Avec autant de cartes différentes, il y a de quoi s’y perdre. Il existe toutefois une règle générale selon Simon Persico: «Globalement, les circonscriptions les plus susceptibles de basculer sont celles obtenues auparavant par la majorité présidentielle». Du fait de l’usure du pouvoir, le bloc macroniste pourrait céder ses sièges de députés au RN ou au NFP.

L’extrême-droite pourrait en ce sens miser sur sa bonne dynamique, héritée de ses bons résultats obtenus aux européennes. A gauche, certaines circonscriptions ont pu être assignées à des candidats plus modérés (socialistes ou écologistes) pour tenter d’attirer des électeurs du centre, remarque le politologue. «Mais la logique principale d’attribution au NFP reste liée à la négociation entre partis de coalition, où La France Insoumise (LFI, gauche radicale, ndlr) tente de rester bien représentée, en se basant sur ses bons résultats de 2022». Bilan: sur les 96 «swing-circos» listées par le NFP, 47 ont été données à des candidats LFI et 41 à des socialistes ou écologistes. «Cela montre que la tactique électorale reste peu présente à gauche, puisque ce ne sont pas les électeurs les plus à gauche qu’il faut convaincre.»

Ne pas surestimer l’importance des «swing-circos»

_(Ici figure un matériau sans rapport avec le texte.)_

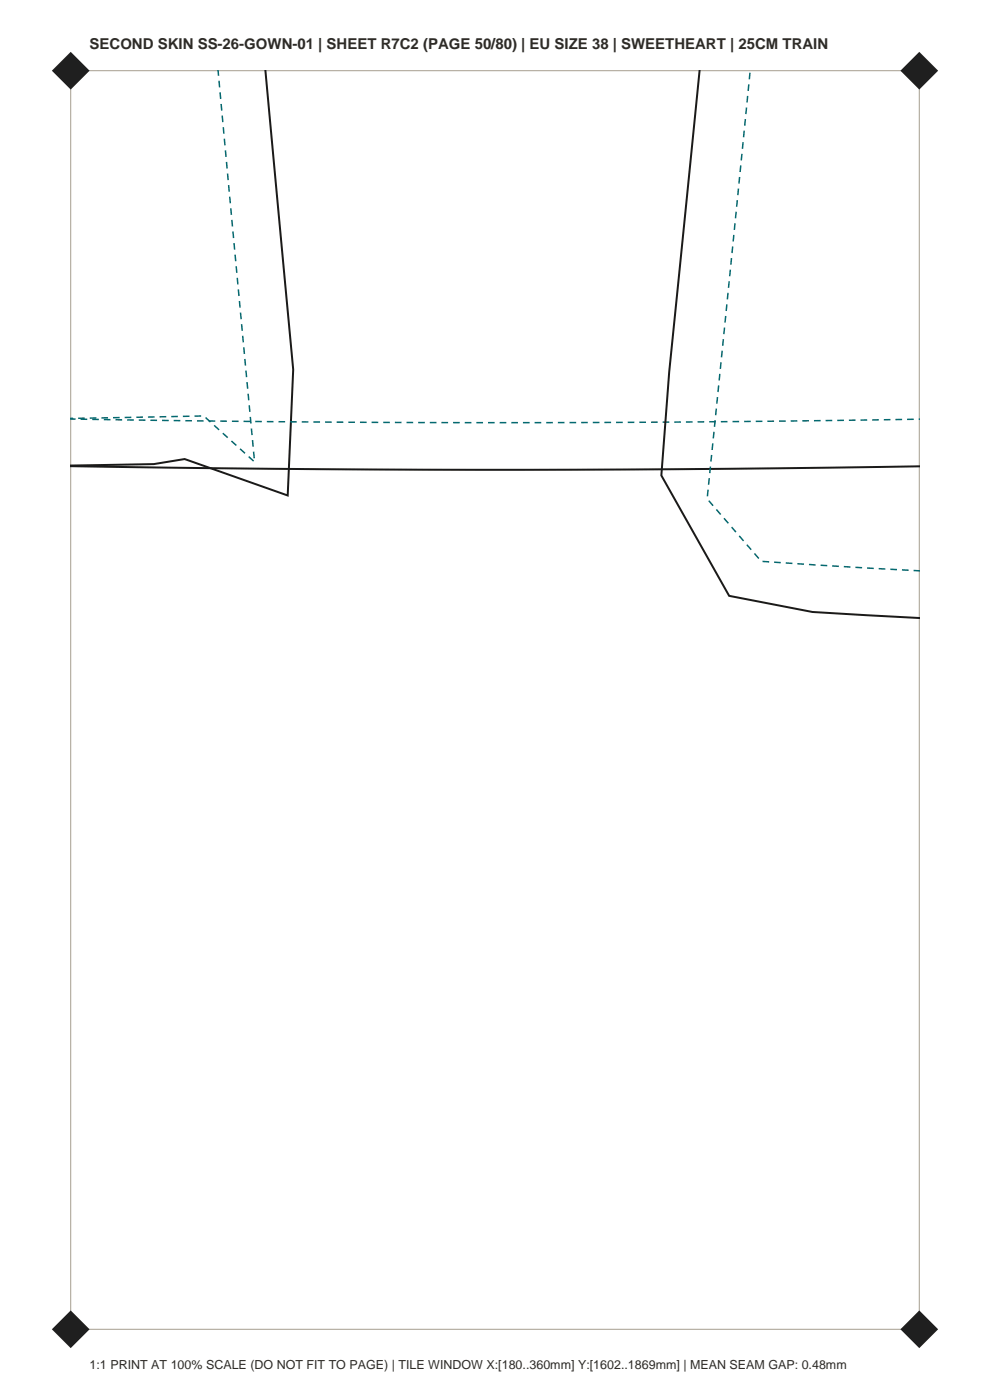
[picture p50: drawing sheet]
<svg xmlns="http://www.w3.org/2000/svg" width="210mm" height="297mm" viewBox="0 0 210 297" stroke-linecap="round" stroke-linejoin="round" font-family="sans-serif">
<defs><g id="words">
<text font-size="3.2" fill="#2e2b26" x="19" y="10.5">SECOND SKIN SS-26-GOWN-01 | SHEET R7C2 (PAGE 50/80) | EU SIZE 38 | SWEETHEART | 25CM TRAIN</text>
<text font-size="2.6" fill="#2e2b26" x="19" y="290.5">1:1 PRINT AT 100% SCALE (DO NOT FIT TO PAGE) | TILE WINDOW X:[180..360mm] Y:[1602..1869mm] | MEAN SEAM GAP: 0.48mm</text>
</g></defs>
<path d="M15 15h180v267h-180z" fill="none" stroke="#a69e8f" stroke-width=".21"/>
<g fill="#1f1f1f">
<path d="M11 282l4-4 4 4-4 4z" fill-rule="evenodd"/>
<path d="M191 282l4-4 4 4-4 4z" fill-rule="evenodd"/>
<path d="M11 15l4-4 4 4-4 4z" fill-rule="evenodd"/>
<path d="M191 15l4-4 4 4-4 4z" fill-rule="evenodd"/>
</g>
<path d="M56.3 14.9l5.9 63.5-1.2 26.7-21.8-7.7-6.6 1.1-17.6 .3M148.4 14.9l-6.4 64-1.7 22 14.4 25.5 17.6 3.4 22.8 1.3M15 98.9l42.4 .5 43.2 .3 43.2-.2 51.3-.6" fill="none" stroke="#1a1a1a" stroke-width=".42"/>
<path d="M46.3 14.9l7.7 83.1-10.8-9.8-28.2 .6M195.1 88.9l-51.4 .6-43.1 .2-43.1-.2-42.5-.6M195.1 121.1l-33.6-2-11.5-13.3 9.1-90.9" fill="none" stroke="#036970" stroke-width=".32" stroke-dasharray="1.4 1.1" stroke-linecap="butt"/>
<use href="#words"/>
</svg>

«Puis en France, la campagne reste surtout conçue au niveau national, pas local, tempère Simon Persico. Vous pouvez avoir des partis qui réfléchissent à l’attribution de ressources dans telle ou telle circonscription. Mais la dynamique reste à l’échelle du pays entier. Si j’étais par exemple Jordan Bardella au RN, je ne me poserais pas la question des "swing-circos". J’essayerais juste de faire la meilleure campagne nationale possible, pour faire le plus d'électeurs entendent parler de moi et aient envie de voter pour moi.»

Le politologue ajoute que la «grande question», qui pourrait déterminer l’issue des législatives, sera celle du comportement au second tour des macronistes au niveau national. Les sondages tendent à montrer qu’ils pourraient se qualifier pour le 7 juillet dans de nombreuses circonscriptions, sans pour autant être en mesure de l’emporter face aux deux autres blocs. «Dès lors, Ensemble va-t-il accepter de retirer ses candidats pour soutenir le NFP face au RN, en renouant avec la règle du «front républicain» face à l’extrême-droite? Cela montrera si oui ou non, en France, la polarisation est devenue si forte que les trois blocs sont devenus irréconciliables.»